F Fiction

Essai

Vies écrites

Ecrivain

Alors qu’en cette rentrée le nom de Javier Marías est surtout associé à son dernier roman, Berta Isla, paraît également de lui, aux Éditions Gallimard, un étonnant essai en hommage à ses amis littéraires. Vingt « Vies écrites » brèves, alertes, inhabituelles, qui racontent Faulkner, James, Lampedusa, Rimbaud, Mishima… mais aussi six « Femmes fugitives », comme Lady Hester Stanhope, Emily Brontë ou Vernon Lee.
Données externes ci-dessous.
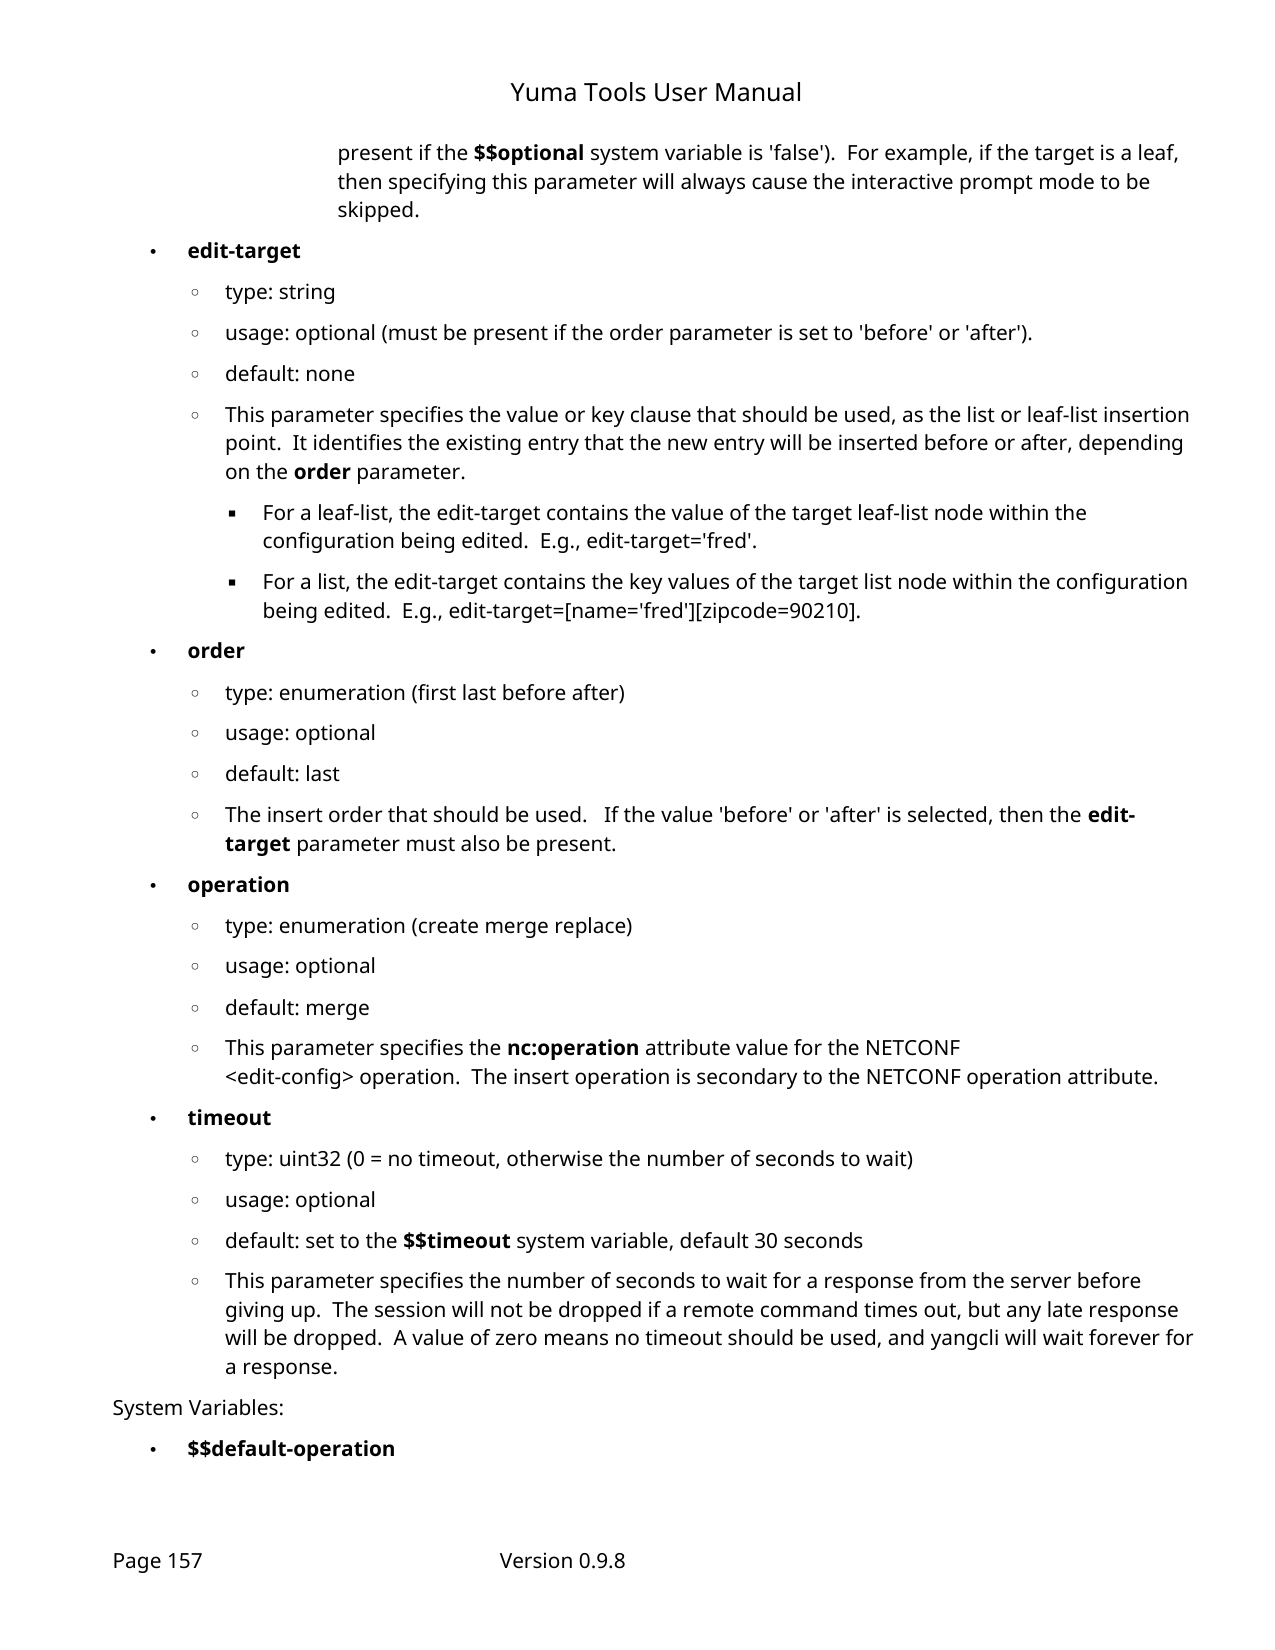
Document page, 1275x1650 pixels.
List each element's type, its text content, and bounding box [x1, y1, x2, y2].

list default: last [187, 759, 1200, 788]
list default: none [187, 359, 1200, 388]
list usage: optional [187, 952, 1200, 980]
list The insert order that should be used. If the value 'before' or 'after' is selected, then the edit-target parameter must also be present. [187, 800, 1200, 857]
list $$default-operation [150, 1434, 1200, 1462]
list For a list, the edit-target contains the key values of the target list node within the configuration being edited. E.g., edit-target=[name='fred'][zipcode=90210]. [225, 567, 1200, 624]
text System Variables: [112, 1393, 1200, 1421]
list timeout [150, 1103, 1200, 1131]
list operation [150, 870, 1200, 898]
list edit-target [150, 236, 1200, 265]
list order [150, 637, 1200, 665]
list usage: optional [187, 718, 1200, 747]
list This parameter specifies the value or key clause that should be used, as the list or leaf-list insertion point. It identifies the existing entry that the new entry will be inserted before or after, depending on the order parameter. [187, 400, 1200, 485]
list default: merge [187, 993, 1200, 1021]
list This parameter specifies the number of seconds to wait for a response from the server before giving up. The session will not be dropped if a remote command times out, but any late response will be dropped. A value of zero means no timeout should be used, and yangcli will wait forever for a response. [187, 1267, 1200, 1380]
list type: string [187, 277, 1200, 306]
list usage: optional (must be present if the order parameter is set to 'before' or 'after'). [187, 318, 1200, 347]
list type: enumeration (create merge replace) [187, 911, 1200, 939]
list For a leaf-list, the edit-target contains the value of the target leaf-list node within the configuration being edited. E.g., edit-target='fred'. [225, 498, 1200, 555]
list default: set to the $$timeout system variable, default 30 seconds [187, 1226, 1200, 1254]
list type: enumeration (first last before after) [187, 678, 1200, 706]
list This parameter specifies the nc:operation attribute value for the NETCONF <edit-config> operation. The insert operation is secondary to the NETCONF operation attribute. [187, 1033, 1200, 1090]
list type: uint32 (0 = no timeout, otherwise the number of seconds to wait) [187, 1144, 1200, 1172]
list usage: optional [187, 1185, 1200, 1213]
list present if the $$optional system variable is 'false'). For example, if the target is a leaf, then specifying this parameter will always cause the interactive prompt mode to be skipped. [300, 138, 1200, 224]
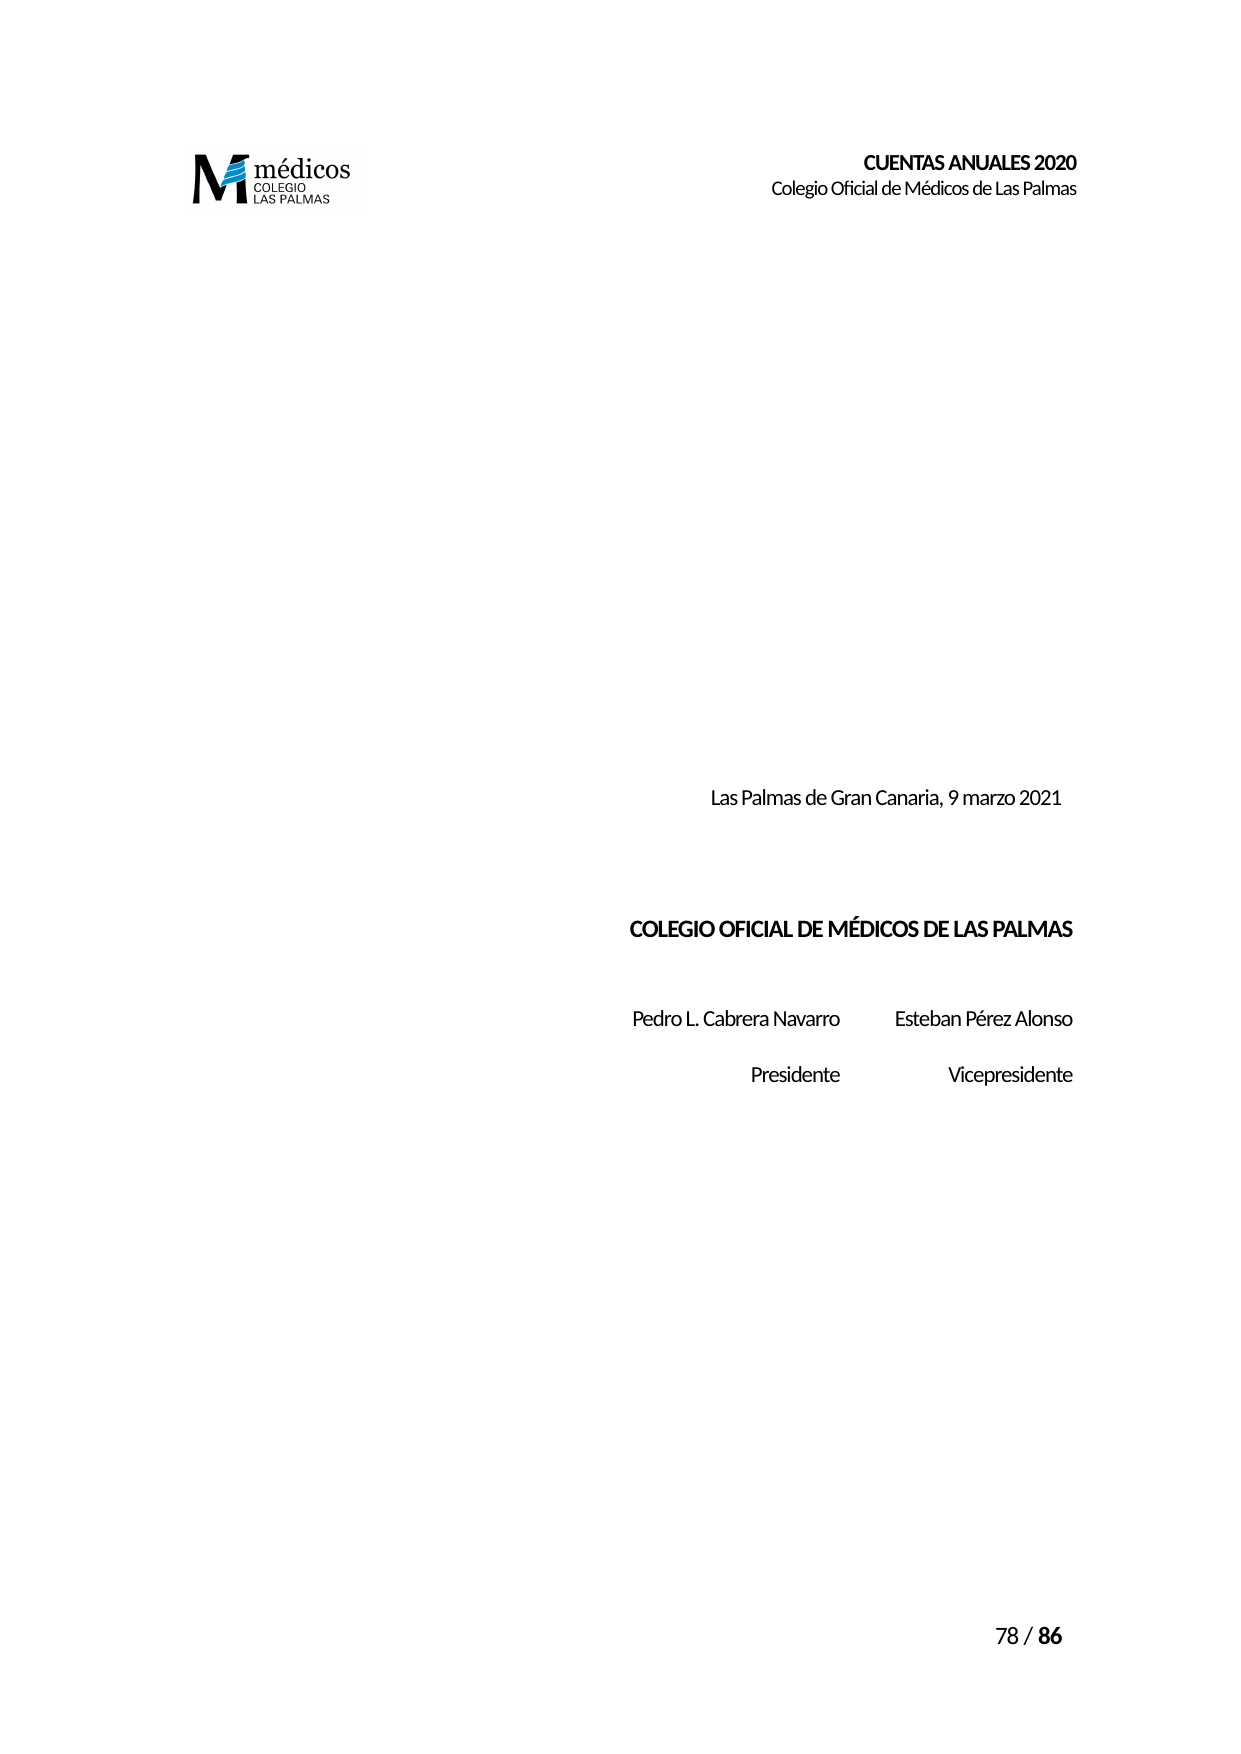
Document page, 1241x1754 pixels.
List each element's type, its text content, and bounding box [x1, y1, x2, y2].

table_cell Vicepresidente [853, 1060, 1086, 1088]
table_header COLEGIO OFICIAL DE MÉDICOS DE LAS PALMAS [325, 913, 1086, 943]
text Las Palmas de Gran Canaria, 9 marzo 2021 [251, 783, 1063, 811]
table_cell [583, 1032, 853, 1060]
table_cell Presidente [583, 1060, 853, 1088]
table_cell Pedro L. Cabrera Navarro [583, 1004, 853, 1032]
table_cell [325, 1032, 583, 1060]
table_cell [853, 1032, 1086, 1060]
table_cell Esteban Pérez Alonso [853, 1004, 1086, 1032]
table_cell [325, 943, 1086, 1004]
table_cell [325, 1060, 583, 1088]
table_cell [325, 1004, 583, 1032]

Trois morceaux choisis par AOC (traduction d’Alain Kéruzoré et Stéphanie Decante) – deux portraits et un savoureux épilogue –, publiés aujourd’hui en avant-première.

 

Robert Louis Stevenson

parmi les criminels

 

Peut-être parce qu’il mourut prématurément ou parce qu’il était constamment malade, peut-être à cause de ses voyages exotiques qui à l’époque passaient pour héroïques, ou bien parce qu’on le lit dès l’enfance, toujours est-il que la figure de Robert Louis Stevenson a toujours quelque chose de chevaleresque et d’une angélique pureté, au point d’être même lassante si l’on force un peu le trait.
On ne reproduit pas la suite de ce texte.